Breaking News

Pekerja Migran di Taiwan Masih Banyak yang Belum Vaksin, Berikut Alasan Mereka

Hingga bulan Juli target penyuntikan vaksin di Taiwan sudah sampai pada kategori umum yaitu semua warga yang berumur 18 tahun ke atas dan warga Asing pemilik ARC atau Askes termasuk juga pekerja migran.

Akan tetapi, menurut laporan yang ditulis media lokal Taiwan menyebutkan, beberapa pekerja migran di kabupaten Changhua menolak untuk divaksinasi. Bahkan ada sepasang majikan yang melaporkan bahwa mereka telah melakukan suntik vaksin terlebih dahulu, akan tetapi pekerja migran masih menolak untuk divaksin.

Departemen Tenaga Kerja dan Biro Kesehatan mengatakan bahwa hari ini (31/7) pemerintah daerah belum memiliki data pekerja migran yang divaksin, pihaknya hanya bisa memberikan wawasan yang lebih luas lagi kepada pekerja migran supaya mereka bersedia divaksin.

Mantan ketua Asosiasi Medis Kabupaten Changhua dan mantan sekretaris jenderal Federasi Nasional Asosiasi Medis, Tsai Ming-chung, mengatakan masyarakat Taiwan dari kecil sudah dibekali pengetahuan tentang kesehatan, jadi mereka bisa bekerja sama dengan pemerintah untuk melakukan vaksin.

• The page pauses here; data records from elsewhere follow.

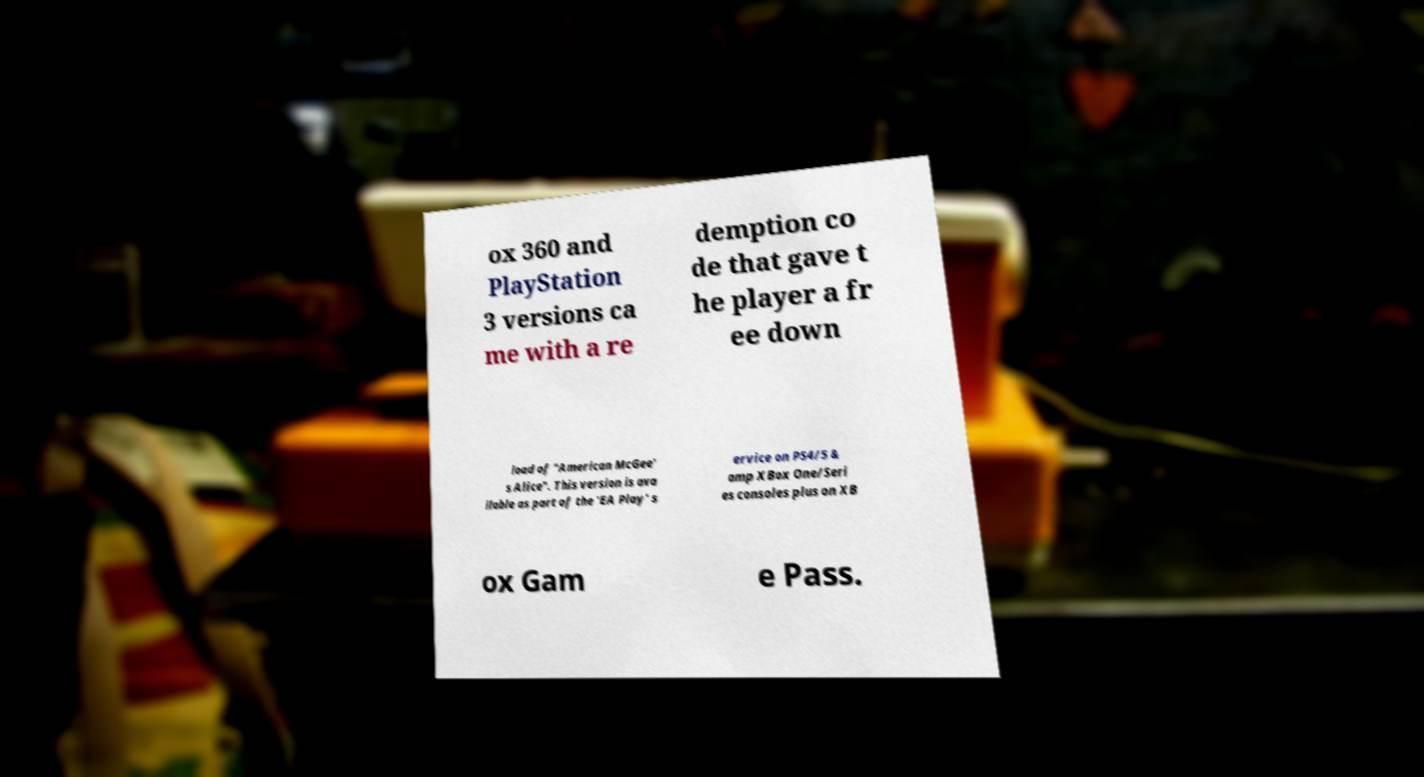Please read and relay the text visible in this image. What does it say? ox 360 and PlayStation 3 versions ca me with a re demption co de that gave t he player a fr ee down load of "American McGee' s Alice". This version is ava ilable as part of the 'EA Play' s ervice on PS4/5 & amp XBox One/Seri es consoles plus on XB ox Gam e Pass. 
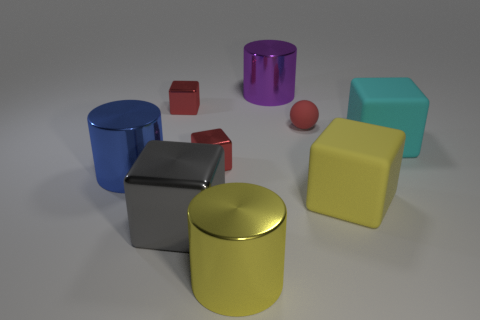How big is the red metal cube behind the tiny red matte thing?
Offer a very short reply. Small. Are there any blue balls made of the same material as the yellow cube?
Ensure brevity in your answer.  No. Is the big blue cylinder made of the same material as the cyan object?
Your response must be concise. No. There is a metallic block that is the same size as the purple metallic cylinder; what color is it?
Give a very brief answer. Gray. What number of other objects are there of the same shape as the yellow metal object?
Offer a very short reply. 2. Is the size of the red rubber ball the same as the yellow object that is in front of the large gray object?
Your answer should be very brief. No. What number of things are either small blue objects or small metal things?
Your answer should be compact. 2. What number of other things are there of the same size as the gray object?
Offer a terse response. 5. There is a large metal cube; does it have the same color as the cube that is behind the small red ball?
Keep it short and to the point. No. What number of spheres are either cyan matte objects or big purple metallic objects?
Give a very brief answer. 0. 
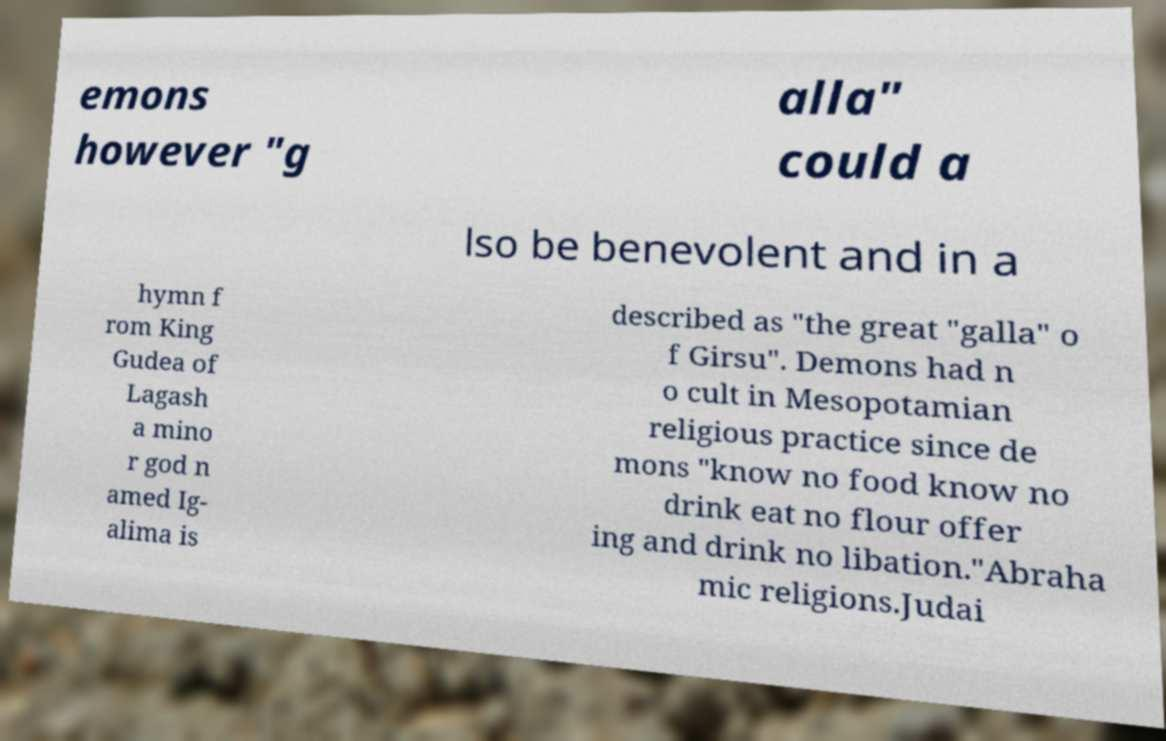I need the written content from this picture converted into text. Can you do that? emons however "g alla" could a lso be benevolent and in a hymn f rom King Gudea of Lagash a mino r god n amed Ig- alima is described as "the great "galla" o f Girsu". Demons had n o cult in Mesopotamian religious practice since de mons "know no food know no drink eat no flour offer ing and drink no libation."Abraha mic religions.Judai 
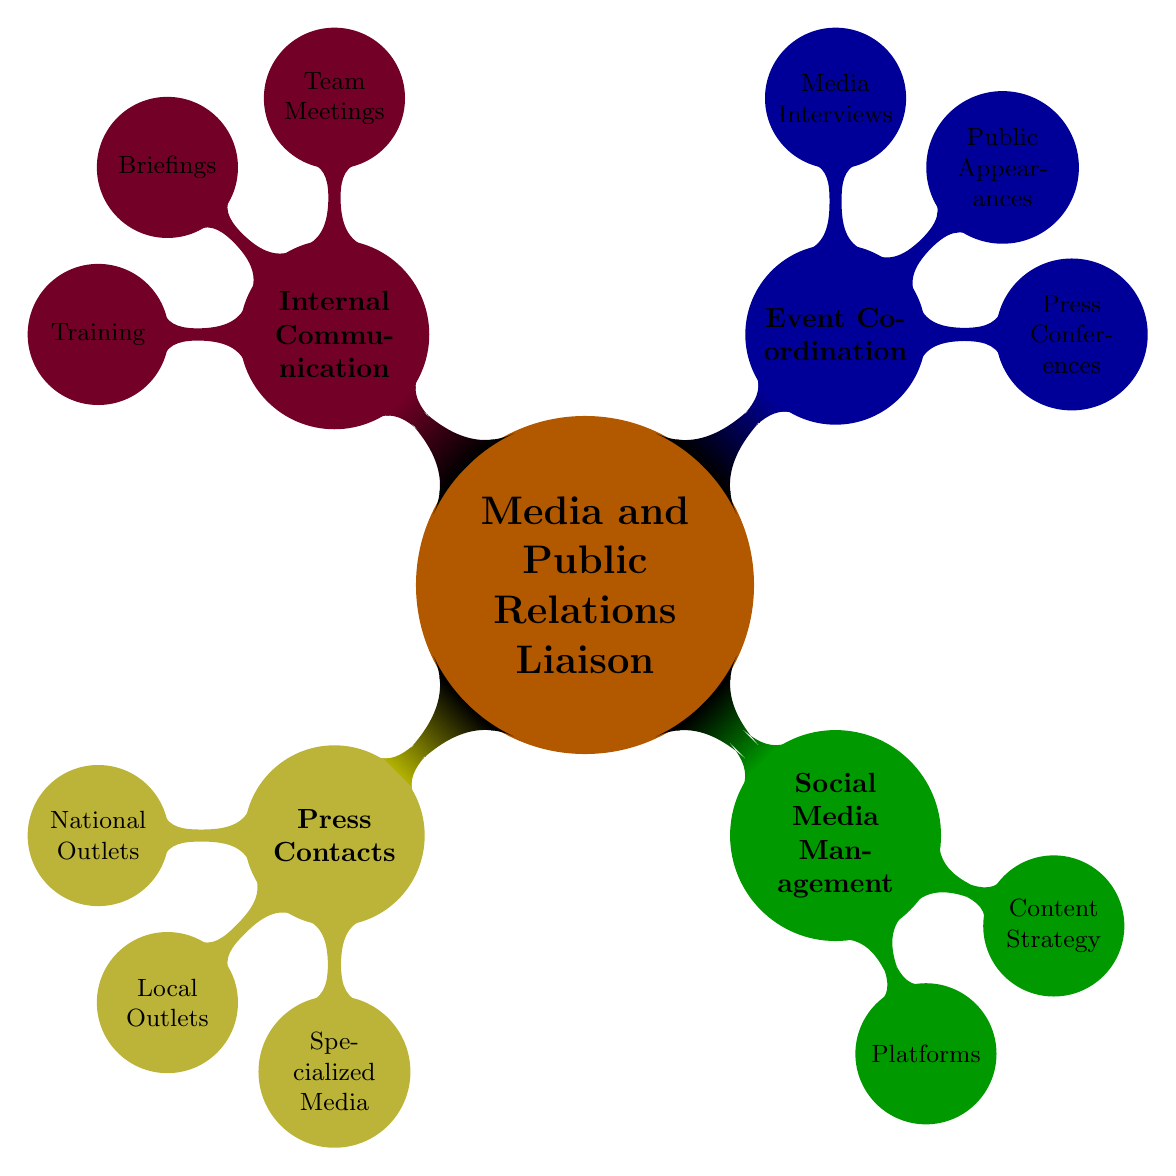What are three examples of National Outlets under Press Contacts? The diagram lists three National Outlets directly under the Press Contacts node: The New York Times, CNN, and BBC.
Answer: The New York Times, CNN, BBC How many nodes are under Social Media Management? The Social Media Management node has two child nodes: Platforms and Content Strategy, making a total of two nodes under it.
Answer: 2 Which type of events are included under Event Coordination? The Event Coordination node branches into three specific types: Press Conferences, Public Appearances, and Media Interviews. Hence, the types of events included are threefold.
Answer: Press Conferences, Public Appearances, Media Interviews What is included in Internal Communication under Briefings? The Briefings node encompasses two distinct aspects: Daily Briefings and Special Reports, indicating what type of content is prepared for internal communication.
Answer: Daily Briefings, Special Reports Which type of media is included under Specialized Media? The Specialized Media node lists three specific media types: Politico, The Hill, and NPR, indicating the variety of specialized outlets available for press contacts.
Answer: Politico, The Hill, NPR Count the total number of nodes in the Mind Map. The Mind Map consists of one root node (Media and Public Relations Liaison) and 11 child nodes (3 under Press Contacts, 2 under Social Media Management, 3 under Event Coordination, and 3 under Internal Communication). Therefore, the total number of nodes is 12.
Answer: 12 Which node details the training aspect in Internal Communication? The Training node is specifically mentioned under Internal Communication and highlights the focus on Media Training and Crisis Response Drills as essential components of training.
Answer: Training What strategy does Social Media Management include? The Content Strategy node includes Engagement Campaigns, Crisis Management, and Regular Updates as strategies to be employed under Social Media Management, indicating a proactive approach to handling social media.
Answer: Engagement Campaigns, Crisis Management, Regular Updates 
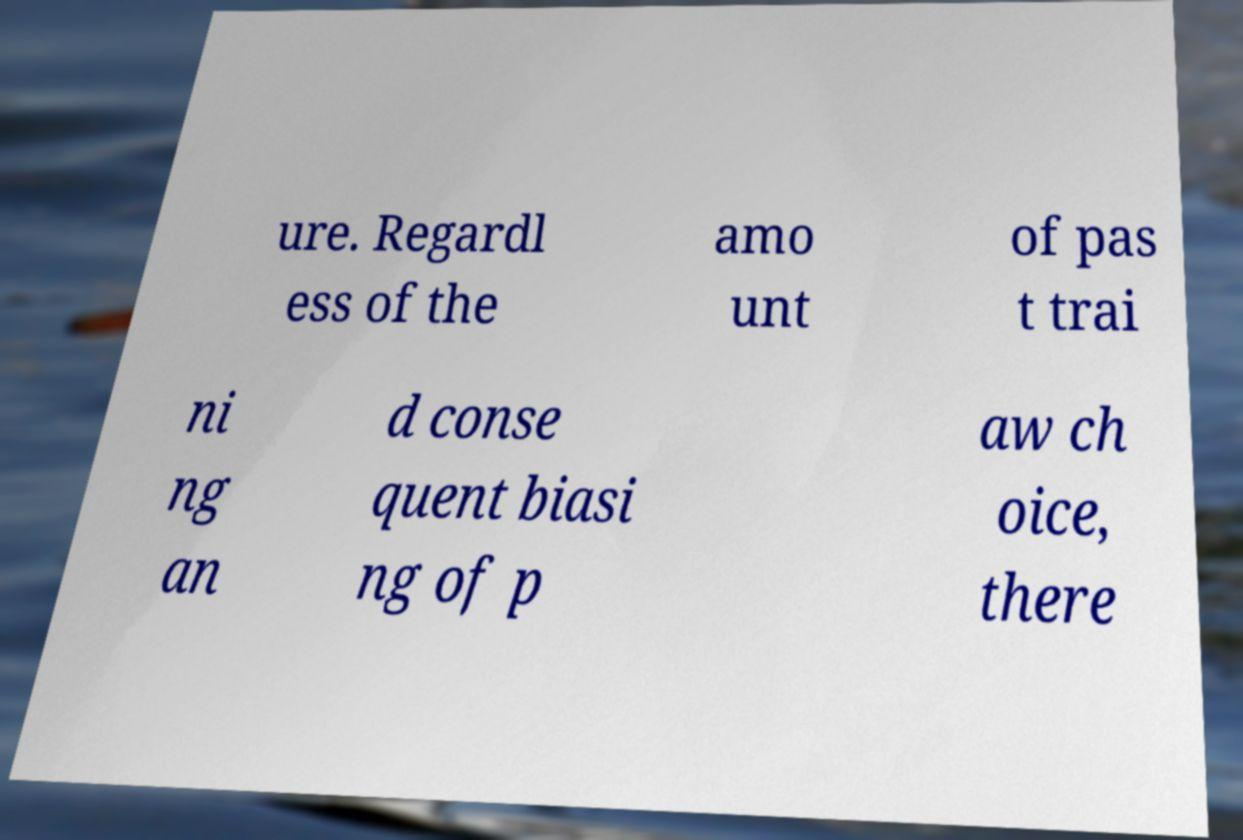Can you read and provide the text displayed in the image?This photo seems to have some interesting text. Can you extract and type it out for me? ure. Regardl ess of the amo unt of pas t trai ni ng an d conse quent biasi ng of p aw ch oice, there 
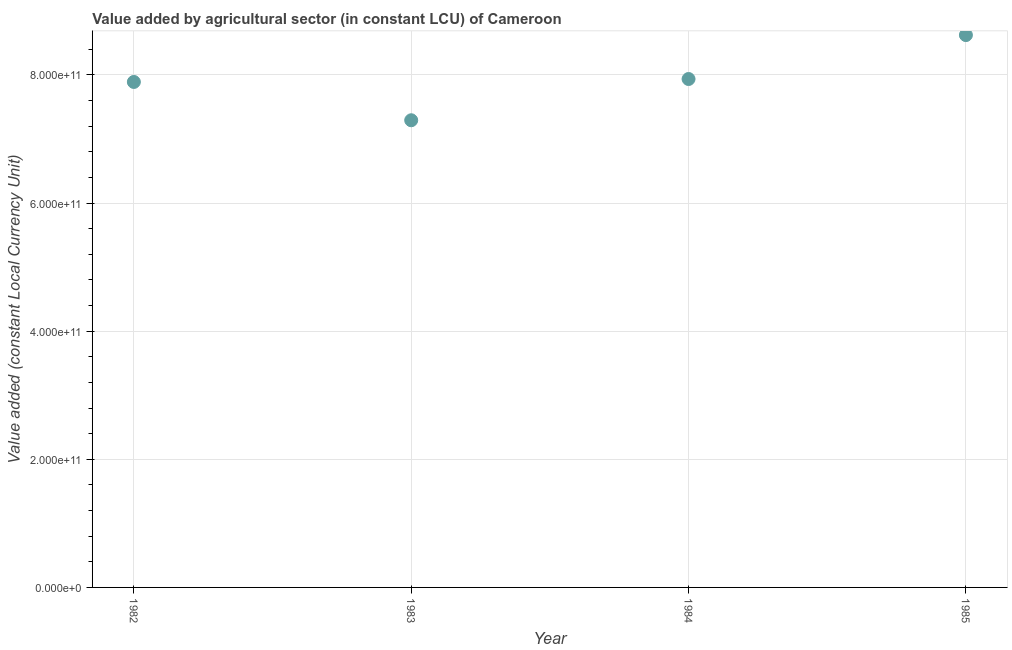What is the value added by agriculture sector in 1983?
Offer a very short reply. 7.29e+11. Across all years, what is the maximum value added by agriculture sector?
Make the answer very short. 8.62e+11. Across all years, what is the minimum value added by agriculture sector?
Give a very brief answer. 7.29e+11. In which year was the value added by agriculture sector minimum?
Offer a very short reply. 1983. What is the sum of the value added by agriculture sector?
Make the answer very short. 3.17e+12. What is the difference between the value added by agriculture sector in 1982 and 1984?
Give a very brief answer. -4.61e+09. What is the average value added by agriculture sector per year?
Ensure brevity in your answer.  7.94e+11. What is the median value added by agriculture sector?
Keep it short and to the point. 7.91e+11. Do a majority of the years between 1984 and 1983 (inclusive) have value added by agriculture sector greater than 80000000000 LCU?
Your response must be concise. No. What is the ratio of the value added by agriculture sector in 1982 to that in 1983?
Give a very brief answer. 1.08. Is the value added by agriculture sector in 1982 less than that in 1984?
Offer a terse response. Yes. What is the difference between the highest and the second highest value added by agriculture sector?
Keep it short and to the point. 6.86e+1. What is the difference between the highest and the lowest value added by agriculture sector?
Offer a terse response. 1.33e+11. Does the value added by agriculture sector monotonically increase over the years?
Make the answer very short. No. How many dotlines are there?
Provide a short and direct response. 1. What is the difference between two consecutive major ticks on the Y-axis?
Keep it short and to the point. 2.00e+11. Are the values on the major ticks of Y-axis written in scientific E-notation?
Offer a terse response. Yes. Does the graph contain any zero values?
Ensure brevity in your answer.  No. What is the title of the graph?
Give a very brief answer. Value added by agricultural sector (in constant LCU) of Cameroon. What is the label or title of the Y-axis?
Give a very brief answer. Value added (constant Local Currency Unit). What is the Value added (constant Local Currency Unit) in 1982?
Your answer should be very brief. 7.89e+11. What is the Value added (constant Local Currency Unit) in 1983?
Offer a very short reply. 7.29e+11. What is the Value added (constant Local Currency Unit) in 1984?
Give a very brief answer. 7.94e+11. What is the Value added (constant Local Currency Unit) in 1985?
Your response must be concise. 8.62e+11. What is the difference between the Value added (constant Local Currency Unit) in 1982 and 1983?
Offer a very short reply. 5.98e+1. What is the difference between the Value added (constant Local Currency Unit) in 1982 and 1984?
Give a very brief answer. -4.61e+09. What is the difference between the Value added (constant Local Currency Unit) in 1982 and 1985?
Your answer should be very brief. -7.32e+1. What is the difference between the Value added (constant Local Currency Unit) in 1983 and 1984?
Provide a succinct answer. -6.44e+1. What is the difference between the Value added (constant Local Currency Unit) in 1983 and 1985?
Your answer should be very brief. -1.33e+11. What is the difference between the Value added (constant Local Currency Unit) in 1984 and 1985?
Give a very brief answer. -6.86e+1. What is the ratio of the Value added (constant Local Currency Unit) in 1982 to that in 1983?
Provide a short and direct response. 1.08. What is the ratio of the Value added (constant Local Currency Unit) in 1982 to that in 1985?
Keep it short and to the point. 0.92. What is the ratio of the Value added (constant Local Currency Unit) in 1983 to that in 1984?
Offer a very short reply. 0.92. What is the ratio of the Value added (constant Local Currency Unit) in 1983 to that in 1985?
Provide a short and direct response. 0.85. What is the ratio of the Value added (constant Local Currency Unit) in 1984 to that in 1985?
Give a very brief answer. 0.92.

Sedangkan pekerja migran memiliki latar belakang budaya dan pendidikan yang berbeda sehingga sulit untuk mengikuti peraturan dari pemerintah, terlebih lagi mereka melihat berita-berita dari media terkait efek ang ditimbulkan setelah menerima vaksin.

Untuk menghindari adanya celah penularan virus dan pencegahan pandemi, ke depannya pemerintah akan lebih memperhatikan tiga tempat berikut. Yang pertama adalah kawasan padat penduduk, kedua lembaga berorientasi konservasi dan ketiga tempat berkumpulnya para pekerja migran.

Selain itu, sebagian pekerja migran perawat pasien yang membaca berita mengetahui bahwa Taiwan menerima sumbangan vaksin dan vaksin ada batas waktu hanya untk setengah tahun, oleh karena itu pekerja migran menolak untuk divaksinasi. Mereka ada yang bersikeras untuk tidak mau divaksinasi, tidak peduli walau majikan maupun anggota keluarga mereka setelah divaksin tidak ada efek samping dan sehat.

Cai Ming-chung mengatakan, sistem medis tidak bisa melihat data pekerja migran divaksinasi, tetapi hari ini dari 200 orang yang divaksinasi, diantaranya ada 20 pekerja migran, atau sekitar 10% menunjukkan bahwa pekerja migran secara perlahan akan bersedia untuk divaksinasi

Sementara itu komisioner Tenaga Kerja Ke Cheng-fang, mengatakan, mereka tidak bisa mengetahui informasi pendaftar vaksinasi pekerja migran. Direktur kesehatan Ye Yan-bo juga mengatakan, data vaksinasi pekerja migran ada di pemerintah pusat, jadi pemerintah daerah tidak bisa melihat data tersebut. Mereka semua menekankan akan memperkuat promosi vaksinasi ke pekerja migran agar mereka bersedia untuk melakukan vaksinasi.